• _ACTION ITEM_
What lines in the material hold the string "pixels"? Copy out each of them.

• _DATA FOR THIS EXERCISE_
======

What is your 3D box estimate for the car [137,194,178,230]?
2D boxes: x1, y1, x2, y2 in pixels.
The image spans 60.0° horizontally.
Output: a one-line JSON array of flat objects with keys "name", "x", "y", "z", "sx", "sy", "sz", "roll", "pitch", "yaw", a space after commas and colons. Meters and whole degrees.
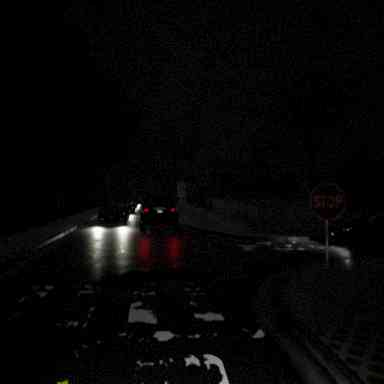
[{"name": "car", "x": -2.090, "y": 1.124, "z": 20.463, "sx": 2.150, "sy": 2.045, "sz": 5.566, "roll": 0, "pitch": 0, "yaw": -7}]

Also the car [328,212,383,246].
[{"name": "car", "x": 8.745, "y": 1.671, "z": 15.418, "sx": 4.674, "sy": 1.442, "sz": 1.812, "roll": 1, "pitch": -2, "yaw": -5}]

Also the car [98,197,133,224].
[{"name": "car", "x": -5.502, "y": 1.341, "z": 23.811, "sx": 1.882, "sy": 1.535, "sz": 5.008, "roll": 0, "pitch": 0, "yaw": -8}]

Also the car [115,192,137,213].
[{"name": "car", "x": -6.849, "y": 1.024, "z": 33.800, "sx": 2.150, "sy": 2.045, "sz": 5.566, "roll": 0, "pitch": 0, "yaw": -8}]

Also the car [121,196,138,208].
[{"name": "car", "x": -8.180, "y": 1.267, "z": 44.075, "sx": 1.837, "sy": 1.490, "sz": 4.892, "roll": 0, "pitch": 0, "yaw": -6}]

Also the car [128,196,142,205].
[{"name": "car", "x": -9.372, "y": 1.350, "z": 54.834, "sx": 1.895, "sy": 1.301, "sz": 4.718, "roll": 0, "pitch": 0, "yaw": -4}]

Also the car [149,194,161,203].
[{"name": "car", "x": -6.793, "y": 1.235, "z": 61.373, "sx": 1.882, "sy": 1.535, "sz": 5.008, "roll": 0, "pitch": 0, "yaw": -2}]
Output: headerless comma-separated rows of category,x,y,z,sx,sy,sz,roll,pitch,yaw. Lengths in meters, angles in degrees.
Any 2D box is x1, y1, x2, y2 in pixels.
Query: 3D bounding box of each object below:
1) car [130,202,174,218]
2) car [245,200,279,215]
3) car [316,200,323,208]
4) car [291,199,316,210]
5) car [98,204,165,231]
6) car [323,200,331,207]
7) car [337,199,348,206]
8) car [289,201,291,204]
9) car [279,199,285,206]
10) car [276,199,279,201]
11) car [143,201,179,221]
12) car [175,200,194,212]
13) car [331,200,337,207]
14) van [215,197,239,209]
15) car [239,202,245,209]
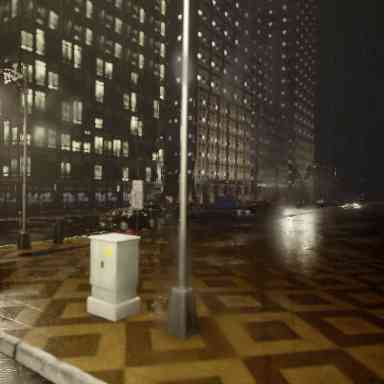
car,-3.902,1.738,32.821,1.994,1.385,4.181,1,0,35
car,8.611,1.999,40.706,1.947,1.339,4.313,1,0,35
car,21.492,2.240,59.238,1.802,1.307,4.206,1,0,35
car,18.272,2.168,54.605,1.947,1.339,4.313,1,0,35
car,-4.164,1.757,22.101,2.008,1.369,4.403,1,0,35
car,24.715,2.154,63.871,1.967,1.590,4.097,1,0,35
car,34.374,2.448,77.771,1.947,1.339,4.313,1,0,35
car,24.273,2.217,77.920,1.947,1.339,4.313,1,0,35
car,17.834,2.121,68.656,1.802,1.307,4.206,1,0,35
car,10.200,1.936,47.602,2.128,1.511,4.902,1,0,35
car,-3.560,1.703,27.773,1.837,1.490,4.892,2,0,35
car,-1.482,1.641,40.864,1.967,1.590,4.097,1,0,35
car,27.933,2.336,68.504,1.947,1.339,4.313,1,0,35
van,4.958,1.656,50.129,1.690,1.788,3.998,1,0,35
car,8.756,1.999,50.877,1.895,1.301,4.718,1,0,35
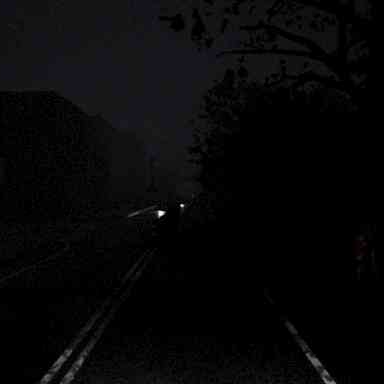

======

• _FINISHED TASK_
2D boxes: x1, y1, x2, y2 in pixels.
Any 2D box is x1, y1, x2, y2 in pixels.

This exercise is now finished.